### Data under study
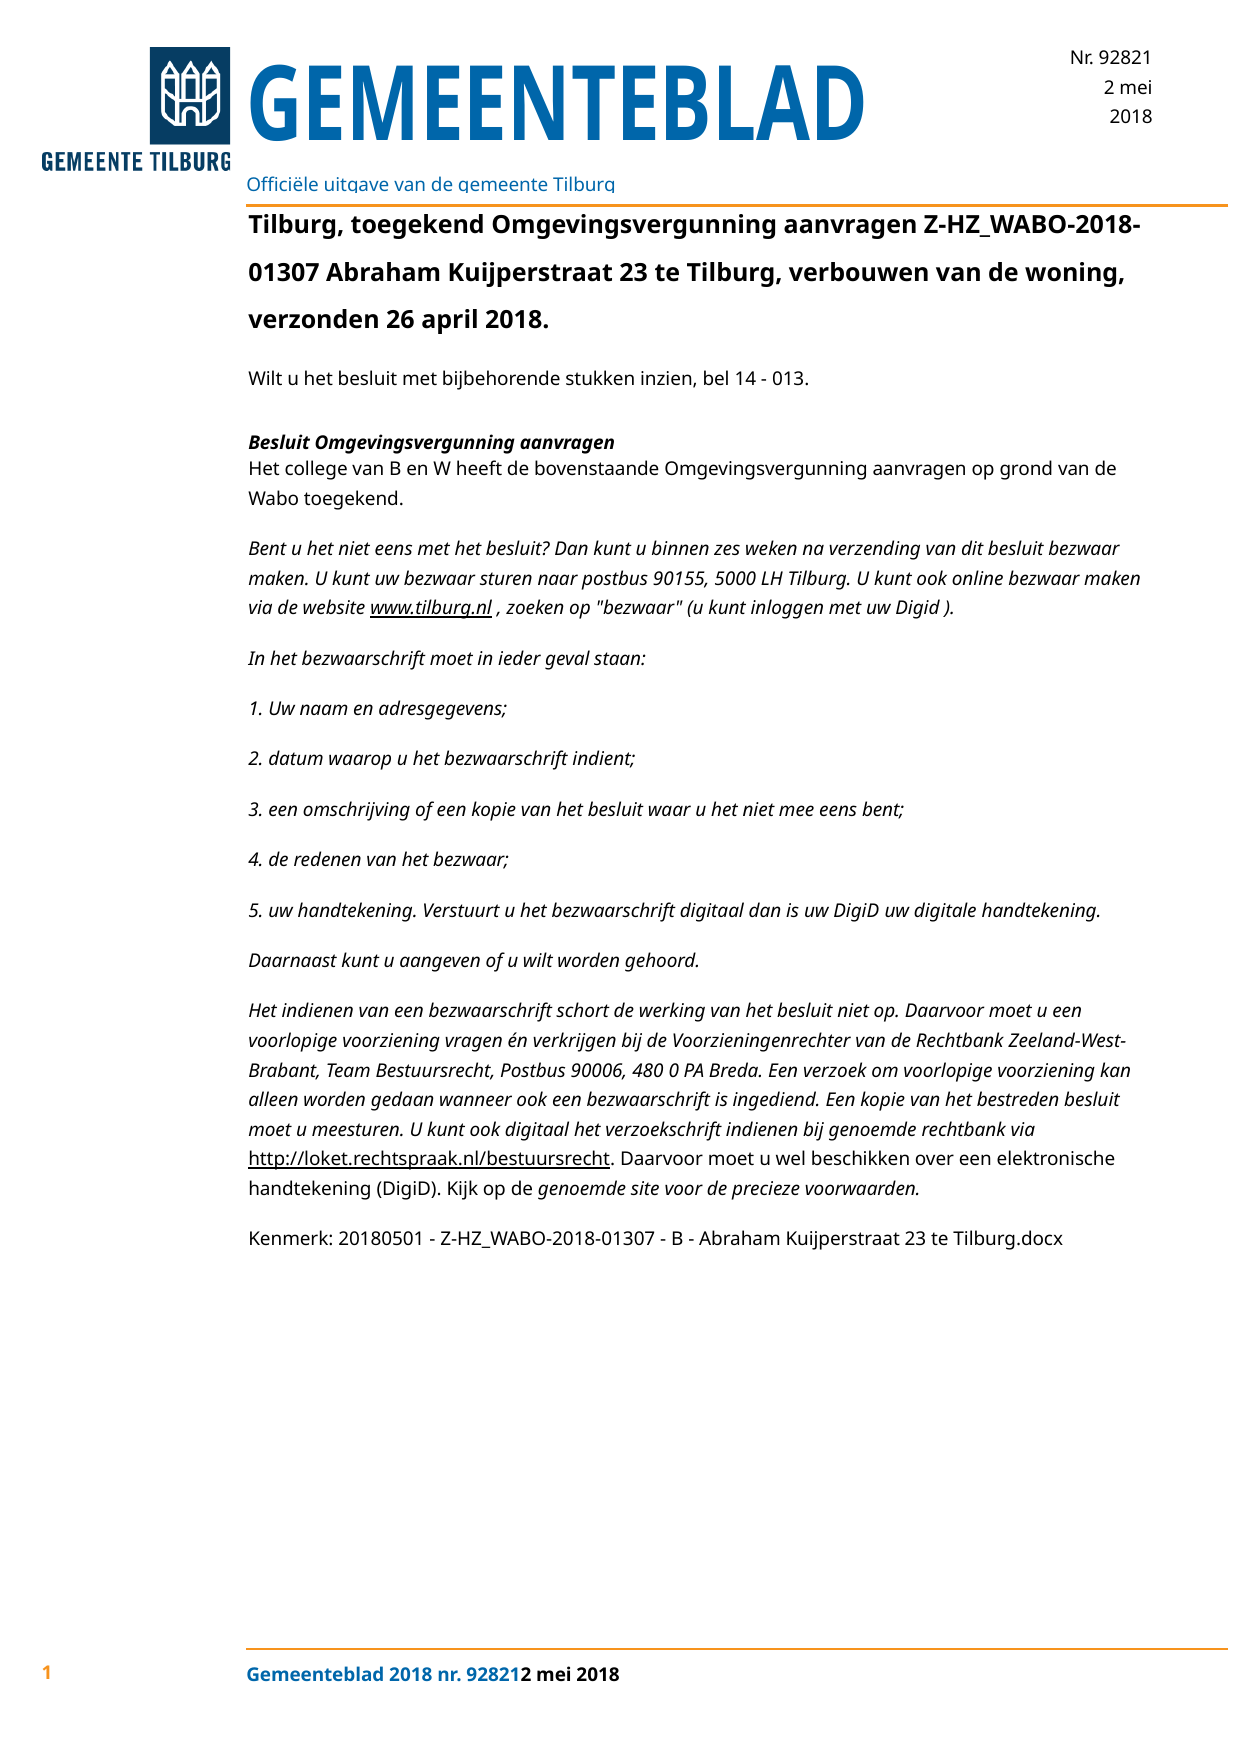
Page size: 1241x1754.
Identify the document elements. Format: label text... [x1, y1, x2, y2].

text Het college van B en W heeft de bovenstaande Omgevingsvergunning aanvragen op grond van de Wabo toegekend. [248, 455, 1152, 511]
text Daarnaast kunt u aangeven of u wilt worden gehoord. [248, 947, 1152, 973]
text Kenmerk: 20180501 - Z-HZ_WABO-2018-01307 - B - Abraham Kuijperstraat 23 te Tilburg.docx [248, 1226, 1152, 1251]
picture [41, 47, 231, 172]
text Tilburg, toegekend Omgevingsvergunning aanvragen Z-HZ_WABO-2018-01307 Abraham Kuijperstraat 23 te Tilburg, verbouwen van de woning, verzonden 26 april 2018. [248, 207, 1152, 336]
text Bent u het niet eens met het besluit? Dan kunt u binnen zes weken na verzending van dit besluit bezwaar maken. U kunt uw bezwaar sturen naar postbus 90155, 5000 LH Tilburg. U kunt ook online bezwaar maken via de website www.tilburg.nl , zoeken op "bezwaar" (u kunt inloggen met uw Digid ). [248, 535, 1152, 620]
text 5. uw handtekening. Verstuurt u het bezwaarschrift digitaal dan is uw DigiD uw digitale handtekening. [248, 897, 1152, 923]
text 1. Uw naam en adresgegevens; [248, 695, 1152, 721]
text Wilt u het besluit met bijbehorende stukken inzien, bel 14 - 013. [248, 366, 1152, 391]
text 4. de redenen van het bezwaar; [248, 846, 1152, 872]
text 3. een omschrijving of een kopie van het besluit waar u het niet mee eens bent; [248, 796, 1152, 822]
text 2. datum waarop u het bezwaarschrift indient; [248, 746, 1152, 771]
text Het indienen van een bezwaarschrift schort de werking van het besluit niet op. Daarvoor moet u een voorlopige voorziening vragen én verkrijgen bij de Voorzieningenrechter van de Rechtbank Zeeland-West-Brabant, Team Bestuursrecht, Postbus 90006, 480 0 PA Breda. Een verzoek om voorlopige voorziening kan alleen worden gedaan wanneer ook een bezwaarschrift is ingediend. Een kopie van het bestreden besluit moet u meesturen. U kunt ook digitaal het verzoekschrift indienen bij genoemde rechtbank via http://loket.rechtspraak.nl/bestuursrecht. Daarvoor moet u wel beschikken over een elektronische handtekening (DigiD). Kijk op de genoemde site voor de precieze voorwaarden. [248, 998, 1152, 1201]
text Besluit Omgevingsvergunning aanvragen [248, 429, 1152, 455]
text In het bezwaarschrift moet in ieder geval staan: [248, 645, 1152, 671]

### Work to be completed
Within the data above, the span starting at the line containing "text Bent u" and ending at the line containing "text 4. de redenen" is to be retyped exactly, with no other lines.

### Written response
text Bent u het niet eens met het besluit? Dan kunt u binnen zes weken na verzending van dit besluit bezwaar maken. U kunt uw bezwaar sturen naar postbus 90155, 5000 LH Tilburg. U kunt ook online bezwaar maken via de website www.tilburg.nl , zoeken op "bezwaar" (u kunt inloggen met uw Digid ). [248, 535, 1152, 620]
text 5. uw handtekening. Verstuurt u het bezwaarschrift digitaal dan is uw DigiD uw digitale handtekening. [248, 897, 1152, 923]
text 1. Uw naam en adresgegevens; [248, 695, 1152, 721]
text Wilt u het besluit met bijbehorende stukken inzien, bel 14 - 013. [248, 366, 1152, 391]
text 4. de redenen van het bezwaar; [248, 846, 1152, 872]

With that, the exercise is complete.